We should now heed the examples of the holy saint whose feast we celebrate today, namely that of St. Scholastica, a holy and devout woman, who lived in the early days of the Church. She was the twin sister of another holy saint, St. Benedict of Nursia, the founder of the Benedictine religious order. St. Scholastica herself led a faithful and pious life just as her brother had.

St. Scholastica dedicated her whole life to God, living in prayerful existence and it was told that she practiced many acts of charity to her neighbours and peers, and also helped many others who are in need of help, both physically and spiritually. She was an exemplary woman, whose holiness and deeds were matched by her own brother, St. Benedict, whose dedications and faith became a beacon of light leading many others to God.

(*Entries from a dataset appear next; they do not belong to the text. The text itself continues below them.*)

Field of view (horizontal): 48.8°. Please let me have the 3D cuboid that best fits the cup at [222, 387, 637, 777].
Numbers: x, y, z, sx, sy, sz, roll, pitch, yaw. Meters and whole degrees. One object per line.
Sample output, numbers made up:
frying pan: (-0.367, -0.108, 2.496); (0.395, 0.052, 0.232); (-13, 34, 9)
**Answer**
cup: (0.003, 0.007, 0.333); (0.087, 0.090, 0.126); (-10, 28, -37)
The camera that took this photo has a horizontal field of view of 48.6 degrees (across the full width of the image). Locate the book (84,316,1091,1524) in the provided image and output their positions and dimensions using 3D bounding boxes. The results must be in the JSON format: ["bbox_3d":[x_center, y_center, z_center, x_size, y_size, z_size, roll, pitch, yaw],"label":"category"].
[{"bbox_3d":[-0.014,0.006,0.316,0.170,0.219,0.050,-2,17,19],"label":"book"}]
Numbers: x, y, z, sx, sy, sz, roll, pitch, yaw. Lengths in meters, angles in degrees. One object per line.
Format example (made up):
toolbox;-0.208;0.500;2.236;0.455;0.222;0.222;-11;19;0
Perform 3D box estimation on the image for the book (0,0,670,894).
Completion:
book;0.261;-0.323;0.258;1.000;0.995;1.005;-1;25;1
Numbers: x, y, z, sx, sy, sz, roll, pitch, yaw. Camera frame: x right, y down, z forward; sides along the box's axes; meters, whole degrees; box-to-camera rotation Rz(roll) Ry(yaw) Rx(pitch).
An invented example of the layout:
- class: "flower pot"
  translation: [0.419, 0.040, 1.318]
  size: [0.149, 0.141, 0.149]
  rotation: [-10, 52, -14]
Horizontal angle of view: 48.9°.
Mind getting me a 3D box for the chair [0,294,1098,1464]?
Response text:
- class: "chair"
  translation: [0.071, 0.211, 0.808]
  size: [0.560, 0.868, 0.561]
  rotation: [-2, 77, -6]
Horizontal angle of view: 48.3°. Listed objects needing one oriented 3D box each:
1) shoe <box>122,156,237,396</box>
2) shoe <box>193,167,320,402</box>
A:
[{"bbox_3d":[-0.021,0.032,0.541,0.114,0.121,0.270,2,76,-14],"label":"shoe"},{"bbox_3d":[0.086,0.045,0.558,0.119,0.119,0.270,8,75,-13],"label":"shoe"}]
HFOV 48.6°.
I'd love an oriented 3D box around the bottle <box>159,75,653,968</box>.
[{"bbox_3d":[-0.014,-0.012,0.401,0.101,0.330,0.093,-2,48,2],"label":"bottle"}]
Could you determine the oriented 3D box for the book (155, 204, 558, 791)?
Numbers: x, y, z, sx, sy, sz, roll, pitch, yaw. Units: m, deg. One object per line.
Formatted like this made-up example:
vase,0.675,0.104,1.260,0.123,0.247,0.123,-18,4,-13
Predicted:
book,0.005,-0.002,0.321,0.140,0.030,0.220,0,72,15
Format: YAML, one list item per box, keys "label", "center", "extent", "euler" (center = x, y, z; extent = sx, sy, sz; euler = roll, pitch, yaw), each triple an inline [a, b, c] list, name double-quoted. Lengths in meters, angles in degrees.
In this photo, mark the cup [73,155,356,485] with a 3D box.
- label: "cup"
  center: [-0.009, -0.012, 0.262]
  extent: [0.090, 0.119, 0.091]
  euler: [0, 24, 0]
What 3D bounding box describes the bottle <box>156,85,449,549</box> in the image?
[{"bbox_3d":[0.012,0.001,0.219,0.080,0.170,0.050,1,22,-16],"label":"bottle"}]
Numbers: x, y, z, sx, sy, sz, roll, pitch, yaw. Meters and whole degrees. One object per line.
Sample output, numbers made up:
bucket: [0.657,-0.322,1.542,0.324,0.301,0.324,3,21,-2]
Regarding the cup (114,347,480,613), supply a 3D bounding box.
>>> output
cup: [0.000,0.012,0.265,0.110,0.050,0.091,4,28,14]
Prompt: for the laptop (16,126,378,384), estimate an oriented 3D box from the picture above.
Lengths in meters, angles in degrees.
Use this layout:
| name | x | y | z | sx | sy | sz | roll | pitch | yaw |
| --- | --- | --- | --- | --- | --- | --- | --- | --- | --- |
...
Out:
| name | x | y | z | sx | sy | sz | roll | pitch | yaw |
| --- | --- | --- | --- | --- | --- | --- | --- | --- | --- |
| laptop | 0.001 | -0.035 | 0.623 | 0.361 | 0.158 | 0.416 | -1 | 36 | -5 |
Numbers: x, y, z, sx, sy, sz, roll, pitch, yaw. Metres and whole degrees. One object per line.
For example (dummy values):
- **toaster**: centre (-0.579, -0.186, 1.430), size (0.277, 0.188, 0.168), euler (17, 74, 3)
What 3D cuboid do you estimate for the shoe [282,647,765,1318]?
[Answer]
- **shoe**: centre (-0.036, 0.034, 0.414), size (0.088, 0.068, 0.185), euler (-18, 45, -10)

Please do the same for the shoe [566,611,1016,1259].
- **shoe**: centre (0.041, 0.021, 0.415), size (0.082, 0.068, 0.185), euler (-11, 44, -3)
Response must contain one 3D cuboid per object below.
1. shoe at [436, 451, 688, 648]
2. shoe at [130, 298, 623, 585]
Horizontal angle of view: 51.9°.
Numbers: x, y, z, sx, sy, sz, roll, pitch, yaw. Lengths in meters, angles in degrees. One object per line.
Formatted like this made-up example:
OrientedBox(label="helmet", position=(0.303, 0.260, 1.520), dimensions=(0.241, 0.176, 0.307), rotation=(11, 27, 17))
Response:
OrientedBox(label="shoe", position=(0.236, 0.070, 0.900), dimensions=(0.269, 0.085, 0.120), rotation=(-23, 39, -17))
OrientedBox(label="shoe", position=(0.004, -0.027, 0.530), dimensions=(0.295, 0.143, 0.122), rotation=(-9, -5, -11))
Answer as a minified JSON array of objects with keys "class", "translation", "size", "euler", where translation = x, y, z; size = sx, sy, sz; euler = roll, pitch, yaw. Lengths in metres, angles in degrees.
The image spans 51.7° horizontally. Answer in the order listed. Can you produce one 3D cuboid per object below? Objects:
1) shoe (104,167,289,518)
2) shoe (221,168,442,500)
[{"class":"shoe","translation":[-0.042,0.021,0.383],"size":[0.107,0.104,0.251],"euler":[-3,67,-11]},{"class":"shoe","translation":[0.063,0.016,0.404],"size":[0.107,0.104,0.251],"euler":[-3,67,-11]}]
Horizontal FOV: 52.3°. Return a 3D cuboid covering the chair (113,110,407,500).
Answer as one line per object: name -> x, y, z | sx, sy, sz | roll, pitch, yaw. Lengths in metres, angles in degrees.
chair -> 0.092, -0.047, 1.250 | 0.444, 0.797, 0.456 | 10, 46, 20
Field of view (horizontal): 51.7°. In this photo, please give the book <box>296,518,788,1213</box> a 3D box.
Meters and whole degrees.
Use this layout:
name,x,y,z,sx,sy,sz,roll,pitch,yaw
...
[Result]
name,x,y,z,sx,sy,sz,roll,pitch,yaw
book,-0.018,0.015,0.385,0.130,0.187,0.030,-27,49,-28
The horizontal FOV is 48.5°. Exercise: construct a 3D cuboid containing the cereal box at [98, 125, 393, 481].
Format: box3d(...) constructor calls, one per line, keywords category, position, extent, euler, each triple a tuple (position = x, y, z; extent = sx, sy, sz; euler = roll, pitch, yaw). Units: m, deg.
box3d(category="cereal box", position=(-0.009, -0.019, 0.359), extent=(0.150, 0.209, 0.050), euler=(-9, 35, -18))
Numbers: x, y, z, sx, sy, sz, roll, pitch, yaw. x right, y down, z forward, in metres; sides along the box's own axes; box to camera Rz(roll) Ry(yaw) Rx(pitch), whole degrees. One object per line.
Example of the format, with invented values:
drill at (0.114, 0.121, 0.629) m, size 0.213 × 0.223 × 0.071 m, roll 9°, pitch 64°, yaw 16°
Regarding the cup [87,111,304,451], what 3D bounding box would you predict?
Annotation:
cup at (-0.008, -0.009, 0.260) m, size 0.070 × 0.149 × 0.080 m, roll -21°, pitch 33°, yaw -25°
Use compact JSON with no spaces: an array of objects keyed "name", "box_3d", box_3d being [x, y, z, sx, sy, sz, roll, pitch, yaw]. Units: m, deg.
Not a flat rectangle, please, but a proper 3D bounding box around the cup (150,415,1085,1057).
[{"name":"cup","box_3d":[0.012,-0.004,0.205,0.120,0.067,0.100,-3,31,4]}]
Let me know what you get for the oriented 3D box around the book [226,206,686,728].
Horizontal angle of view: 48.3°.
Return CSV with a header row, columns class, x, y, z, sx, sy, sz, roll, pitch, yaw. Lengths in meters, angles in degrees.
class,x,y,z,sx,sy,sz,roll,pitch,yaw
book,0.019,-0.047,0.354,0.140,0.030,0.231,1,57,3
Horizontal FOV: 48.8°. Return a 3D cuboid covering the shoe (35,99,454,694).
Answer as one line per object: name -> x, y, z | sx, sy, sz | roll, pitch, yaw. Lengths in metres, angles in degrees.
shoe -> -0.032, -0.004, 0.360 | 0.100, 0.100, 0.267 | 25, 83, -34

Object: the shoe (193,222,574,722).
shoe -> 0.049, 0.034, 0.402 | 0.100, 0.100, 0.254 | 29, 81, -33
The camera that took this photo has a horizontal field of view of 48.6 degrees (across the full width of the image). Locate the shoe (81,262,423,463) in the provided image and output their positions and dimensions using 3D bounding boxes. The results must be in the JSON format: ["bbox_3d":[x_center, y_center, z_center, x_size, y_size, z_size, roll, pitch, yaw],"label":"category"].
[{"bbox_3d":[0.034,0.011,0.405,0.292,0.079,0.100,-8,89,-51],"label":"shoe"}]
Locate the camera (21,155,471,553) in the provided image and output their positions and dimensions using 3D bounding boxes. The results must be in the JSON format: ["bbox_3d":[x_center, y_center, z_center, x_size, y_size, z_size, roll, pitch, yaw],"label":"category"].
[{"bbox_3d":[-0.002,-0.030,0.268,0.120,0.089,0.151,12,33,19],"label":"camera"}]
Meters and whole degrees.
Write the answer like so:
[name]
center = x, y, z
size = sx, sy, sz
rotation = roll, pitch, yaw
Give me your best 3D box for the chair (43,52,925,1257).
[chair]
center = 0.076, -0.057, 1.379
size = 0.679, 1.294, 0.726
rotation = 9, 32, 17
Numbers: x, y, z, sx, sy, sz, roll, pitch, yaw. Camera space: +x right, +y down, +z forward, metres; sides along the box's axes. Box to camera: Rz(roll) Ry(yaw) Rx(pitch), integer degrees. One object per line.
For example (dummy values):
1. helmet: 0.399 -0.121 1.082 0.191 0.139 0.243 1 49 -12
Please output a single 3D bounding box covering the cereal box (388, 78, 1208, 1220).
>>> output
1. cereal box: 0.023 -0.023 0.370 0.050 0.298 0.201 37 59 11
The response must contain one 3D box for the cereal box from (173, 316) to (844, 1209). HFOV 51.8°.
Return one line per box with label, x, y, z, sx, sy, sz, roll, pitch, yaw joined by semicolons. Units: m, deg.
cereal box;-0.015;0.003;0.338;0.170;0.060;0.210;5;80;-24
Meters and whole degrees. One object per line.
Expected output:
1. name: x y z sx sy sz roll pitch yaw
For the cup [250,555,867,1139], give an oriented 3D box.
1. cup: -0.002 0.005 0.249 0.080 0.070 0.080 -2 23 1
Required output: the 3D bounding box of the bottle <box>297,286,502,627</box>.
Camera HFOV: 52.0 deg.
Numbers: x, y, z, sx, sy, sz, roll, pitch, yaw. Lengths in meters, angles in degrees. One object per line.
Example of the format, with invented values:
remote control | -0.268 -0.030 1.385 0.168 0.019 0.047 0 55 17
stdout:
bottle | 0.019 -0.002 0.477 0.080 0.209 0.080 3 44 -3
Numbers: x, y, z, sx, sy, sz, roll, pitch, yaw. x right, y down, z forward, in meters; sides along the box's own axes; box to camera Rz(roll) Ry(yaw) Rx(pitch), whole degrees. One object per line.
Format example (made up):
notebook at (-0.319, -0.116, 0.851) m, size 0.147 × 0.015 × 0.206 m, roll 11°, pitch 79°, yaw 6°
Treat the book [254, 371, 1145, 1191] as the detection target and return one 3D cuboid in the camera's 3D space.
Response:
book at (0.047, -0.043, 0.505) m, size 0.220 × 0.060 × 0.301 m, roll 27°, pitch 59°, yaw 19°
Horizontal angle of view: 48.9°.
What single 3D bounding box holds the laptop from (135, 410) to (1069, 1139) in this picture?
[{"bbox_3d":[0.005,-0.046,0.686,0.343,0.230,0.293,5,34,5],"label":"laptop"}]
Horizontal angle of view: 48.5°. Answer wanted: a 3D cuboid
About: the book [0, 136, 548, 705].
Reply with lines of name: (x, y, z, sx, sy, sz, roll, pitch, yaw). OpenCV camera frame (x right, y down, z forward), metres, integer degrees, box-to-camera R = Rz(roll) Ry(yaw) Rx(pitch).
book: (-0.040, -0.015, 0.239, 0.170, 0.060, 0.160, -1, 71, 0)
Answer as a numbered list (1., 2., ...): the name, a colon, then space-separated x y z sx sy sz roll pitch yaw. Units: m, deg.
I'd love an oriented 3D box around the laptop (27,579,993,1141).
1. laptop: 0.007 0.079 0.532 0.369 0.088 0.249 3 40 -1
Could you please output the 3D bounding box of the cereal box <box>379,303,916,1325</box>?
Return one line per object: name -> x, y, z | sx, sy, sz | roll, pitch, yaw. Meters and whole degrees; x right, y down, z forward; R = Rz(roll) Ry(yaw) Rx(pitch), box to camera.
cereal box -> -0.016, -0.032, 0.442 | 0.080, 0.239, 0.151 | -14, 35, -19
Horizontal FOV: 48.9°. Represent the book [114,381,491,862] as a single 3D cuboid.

As Christians, all of us should follow the example of St. Scholastica, learning to be upright and just in all of our dealings and actions. We should become examples for each other, reminding one another to remain true to the teachings of our faith in the Church, and devote ourselves day after day to the works of charity, and dedicate ourselves to those who are in need.

May the Lord help us in all of our endeavours, and may He strengthen in us our faith, and awaken the love and devotion we ought to have for Him in our hearts. May the Lord bless us all, now and forevermore. Amen.